We watched television at home and we were watching Mythbusters. Guess what, Kari Byron, the only girl in the cast, is pregnant. Hugely pregnant I might add and stuffing gunpowder into a cannon like it was a normal day.
So really, when I visited my son's grave, why wouldn't I end up crying my heart out?
This is the sick me talking. Neal and I weren't able to go out because I wouldn't meet his friends. Johan and Tin were meeting us and they were bringing their two kids. Their youngest is just 2 months older than Nathan. How can I meet them?
So we didn't go out and I pretty much spent the time moping.
Even shopping at Mobler doesn't help. We were there with this family, a grandmother, a husband, his son, the yaya and yes, you guessed it, the pregnant wife.
I don't even know if I'm just delusional.
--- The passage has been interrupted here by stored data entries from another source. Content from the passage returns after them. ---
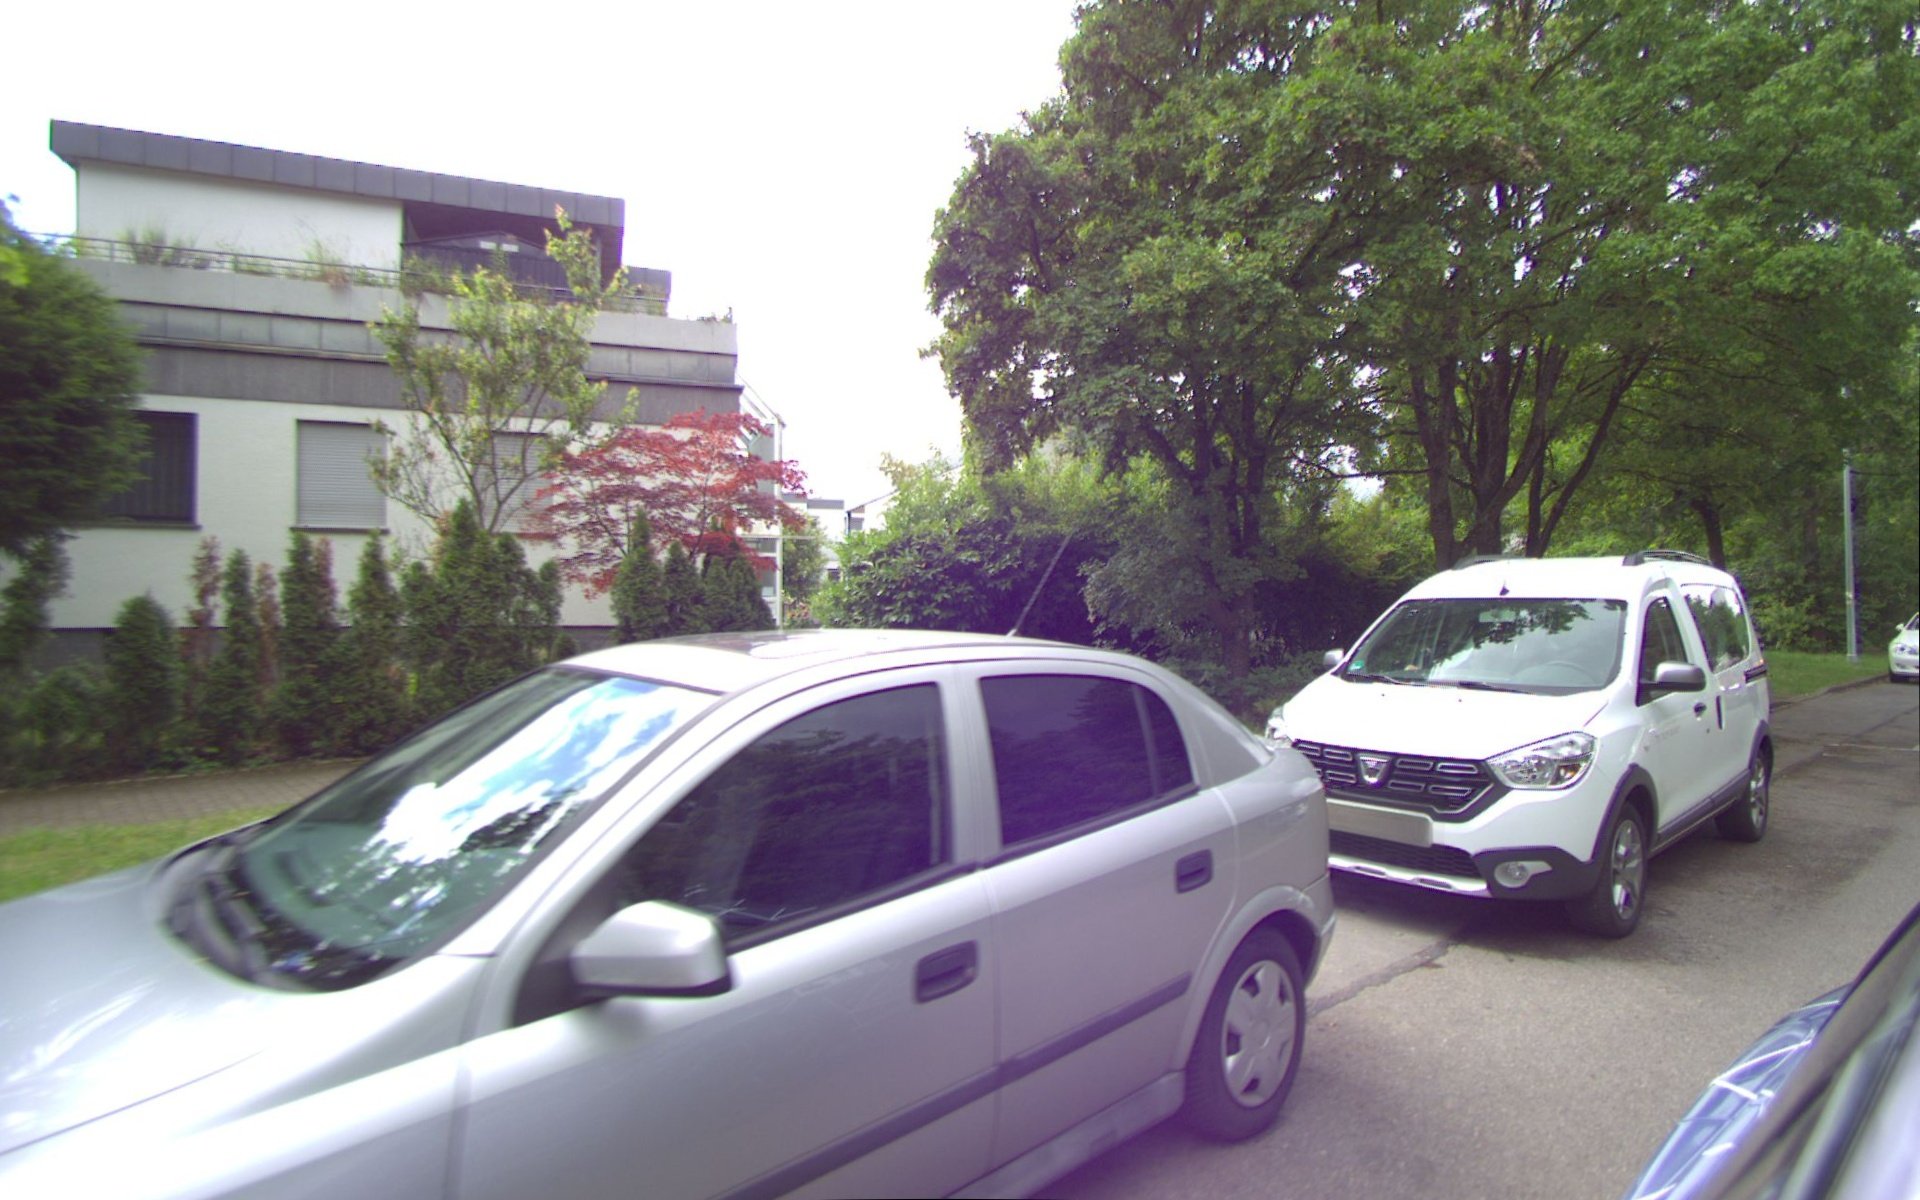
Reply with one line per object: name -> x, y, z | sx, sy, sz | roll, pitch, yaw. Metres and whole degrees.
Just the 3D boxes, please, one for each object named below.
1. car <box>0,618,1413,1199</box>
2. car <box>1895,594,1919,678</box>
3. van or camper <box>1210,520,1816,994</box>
car -> -0.689, 0.806, 2.603 | 4.169, 1.456, 1.815 | 0, -2, -42
car -> 19.818, 0.659, 19.629 | 5.085, 1.526, 1.889 | 0, 0, -41
van or camper -> 3.523, 0.568, 6.060 | 4.246, 1.861, 1.805 | -2, 0, -41

Maybe there really were that many pregnant people before and I never noticed them but that's not true. I notice it because of the number of friends, family and office mates that are pregnant.
Being depressed makes me vulnerable to viruses so here I am sick as a dog, at work early because I can't go on a sick leave. I have something important to do for the entire week. Actually, till Tuesday next week.
Sick as a dog. That's funny really because dogs never really show you when they're sick. They always make this huge effort to convince you that they're ok. Mainly because in the wild, they might be killed if they show weakness.
I really wish I can just disappear right now. I need the rest and frankly, my emotions need a rest too. Constant bombardment just kills me.
I'm kind of sarcastic right now, not depressed. Maybe being sick helps a little. There's no way in hell I'd want to get pregnant right now so I guess it really helps. Damn Patience. It is not a virtue.